Is !$omp end necessary?

I never use closures like !$omp end parallel do for OpenMP codes. Just want to ask if that is OK.

It is just a style preference, I always start / end with the following and explicitly declare most default options:

!$OMP& PRIVATE (…) &
!$OMP& SHARED (…) &


With gfortran -fimplicit-none -fopenmp -fstack-arrays, I get warnings of omitted variables/arrays, which helps to identify silly omissions.


I was not aware that abbreviations are possible. As a personal style choice I opt for the full closures. These match the symmetry of Fortran constructs.

I also like to use default(none) to force me to think which variables need to be shared.

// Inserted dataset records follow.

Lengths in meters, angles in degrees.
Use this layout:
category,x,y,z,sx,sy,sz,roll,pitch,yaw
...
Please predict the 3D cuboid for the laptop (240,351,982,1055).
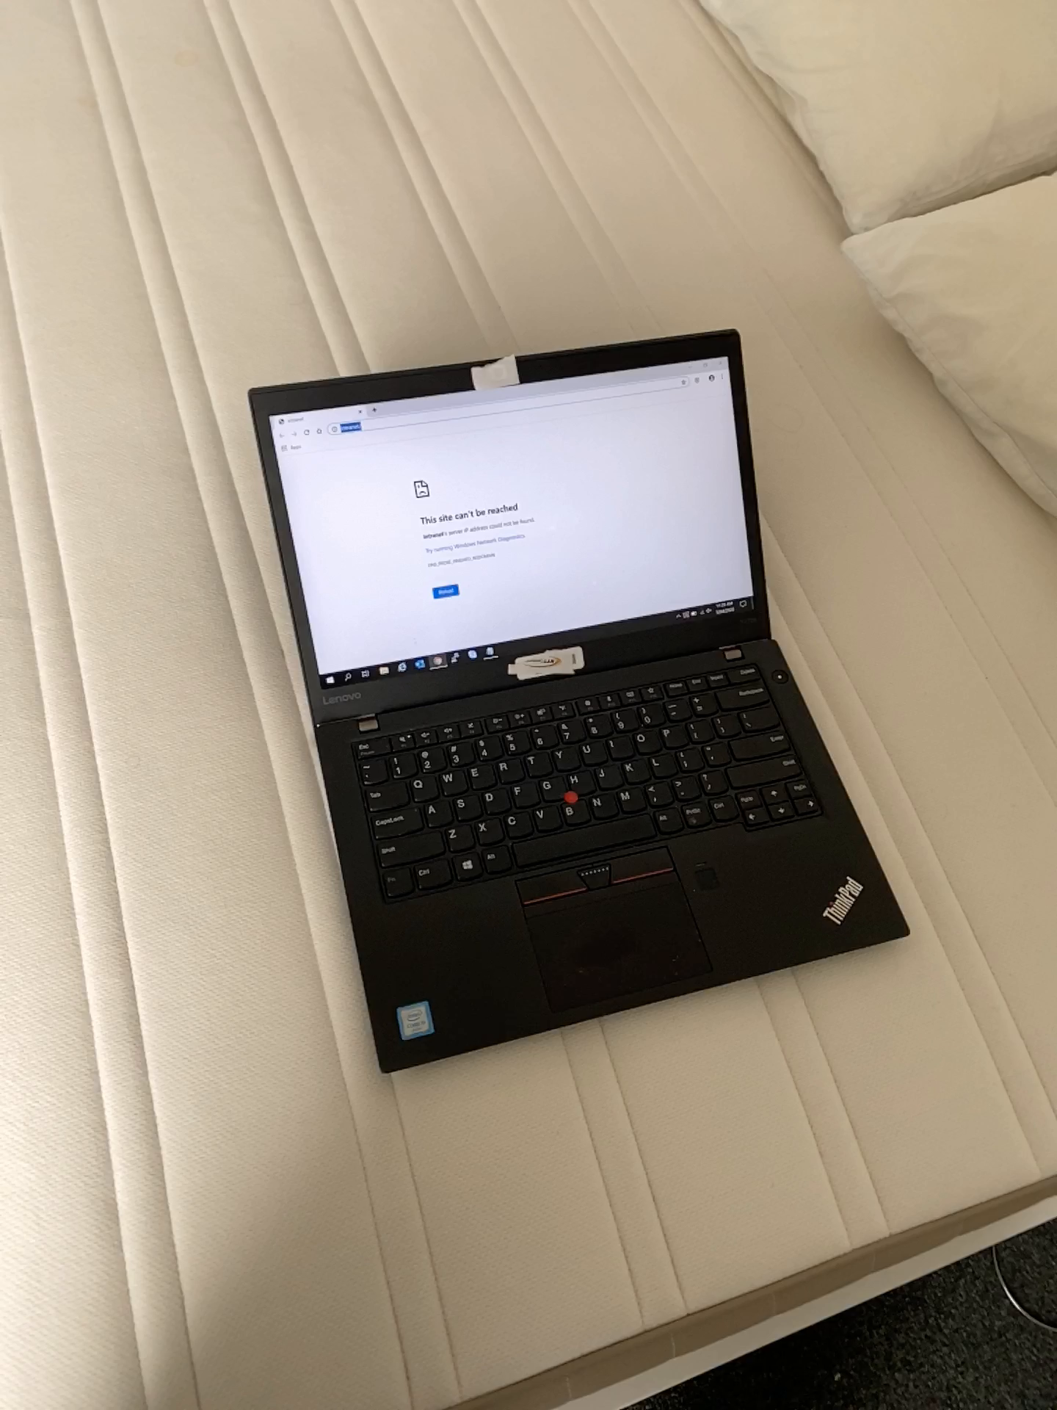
category,x,y,z,sx,sy,sz,roll,pitch,yaw
laptop,0.023,-0.027,0.661,0.320,0.120,0.382,-10,60,-14

I have a question: why you add -fstack-arrays flag? I know that this option allow compiler to put the allocatable array on stack memory, but I have no idea why should I use it for debugging or improving efficiention.

Managing the stack with OpenMP is an issue I have spent a lot of time investigating.
Typically with OpenMP, I will:

  • try to default arrays to stack, but specifically select (large) arrays to heap by using ALLOCATE.
  • Private copies will go on the heap if they are allocated in the same routine as the !$OMP definition, else if provided as routine arguments this is uncertain. All private copies of local/automatic arrays go to the stack.
  • Large SHARED arrays will be ALLOCATE onto the heap.
  • I might also allocate “large” (heap) arrays as size rounded up to 4k bytes as full memory pages, although I can not guarantee then to start on a page boundary.
  • I define each stack as large (500MBytes). gFortran by default makes all thread stacks the same as the primary stack. As physical memory is allocated to each stack as used, this does not increase the physical memory used.

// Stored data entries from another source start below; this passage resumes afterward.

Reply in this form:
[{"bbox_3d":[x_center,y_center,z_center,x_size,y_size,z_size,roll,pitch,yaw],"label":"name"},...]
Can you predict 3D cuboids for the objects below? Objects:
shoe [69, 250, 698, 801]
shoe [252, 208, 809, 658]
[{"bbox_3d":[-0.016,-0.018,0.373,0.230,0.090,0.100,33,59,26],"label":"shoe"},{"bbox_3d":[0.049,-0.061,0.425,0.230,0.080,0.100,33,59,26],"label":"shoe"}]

My my experience is limited to large shared arrays (20GBytes) on Intel I7 and AMD Ryzen with dual channel memory where memory <> cache bottleneck is my biggest problem.
These strategies are in an attempt to reduce inefficency due to memory consistency and cache coherence problems between threads, although these strategies are not a complete solution.
They do not appear to produce a worse outcome, although my experience is limited.

I find efficient use of both OpenMP and AVX via Fortran to be a black art, as the OS does a lot behind the scenes.
At the moment I am using Windows 10 and have just gone from 20H2 to 21H2 introducing problems with strange allocation of threads to “logical processors”, not preferencing different cores and problems with hyper-threading. I thought that was a Windows 11 issue. AMD have suggested I contact Microsoft, which looks just too difficult.
OpenMP does not easily address hyper-threading, which is probably getting too specific, although different classes of “logical processors” is becoming a significant issue with little Fortran programmer access. Do others see this problem ?

I am not sure this is the case. My Win/gFortran experience is ALLOCATE arrays always go on the heap, although this could vary for each compiler and OS implementation. I would be interested to know of any different response.